No. EMSE is a self-contained graphical program written in C++ “under the hood” for efficiency. To optimize the speed of standard matrix and math operations, EMSE leverages the Intel® Math Kernel Library.
No, EMSE is modular. The ERP Bundle (Data Editor plus Visualizer) is a powerful and affordable package for discovering and confirming space-time-frequency phenomena at the scalp level, with integrated nonparametric statistics. The Basic Source Estimation Bundle adds the Source Estimator module for brain level modeling. The Locator module digitizes electrode locations, which may be co-registered with MRI using MR Viewer. The Image Processor module can segment head tissues for constructing individual cortex and volume conductor models.
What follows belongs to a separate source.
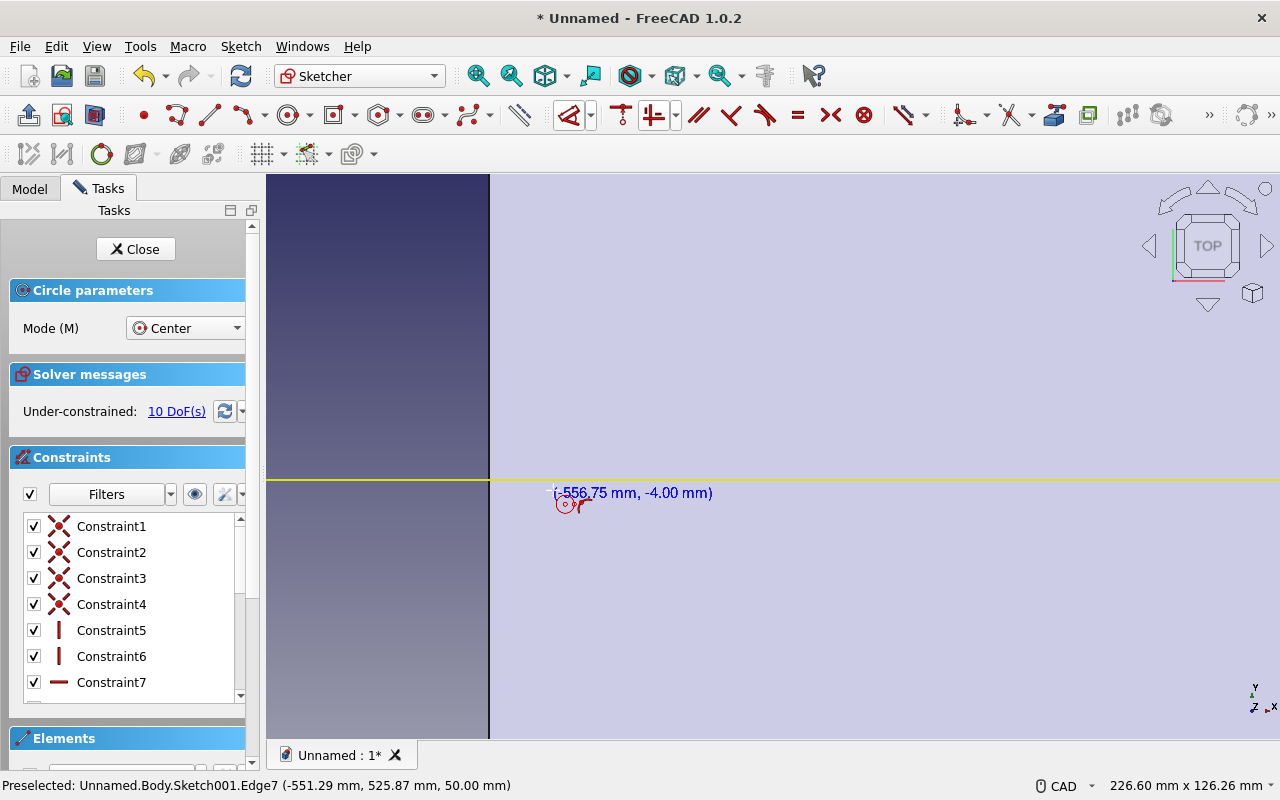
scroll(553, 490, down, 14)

If EEG/ERP is a new addition to your lab, you can use EMSE to rapidly master all of the steps that can lead you to discover and visualize new phenomena in your experimental data. Have you already identified phenomena at the scalp? Then you can use source reconstruction and source signal estimation tools in EMSE to understand where and when these phenomena arise in the cortex. Going further, if you have participant MRIs, then you can use EMSE to sort out meaningful individual differences from incidental differences that derive from personal cortical folding patterns. In all cases, we can remotely assist with the steps.
EMSE is great for helping you, first, to identify robust space-time-frequency phenomena in your EEG or MEG data, and then to interpret those phenomena in brain space by constructing source models, by estimating regional activity, and by deriving inter-regional connectivities. EMSE can use MRI data to construct realistic volume conductor models of the head. Importantly, EMSE reproducibly automates and documents your analysis workflows, including: (a) signal processing pipelines; (b) experimental event logic pipelines; (c) event-related component measurements; and (d) nonparametric statistical hypothesis testing. EMSE is a professionally supported Windows application. We can remotely assist your data analysis process.
EMSE stands for ElectroMagnetic Source Estimation (and we say “MC”).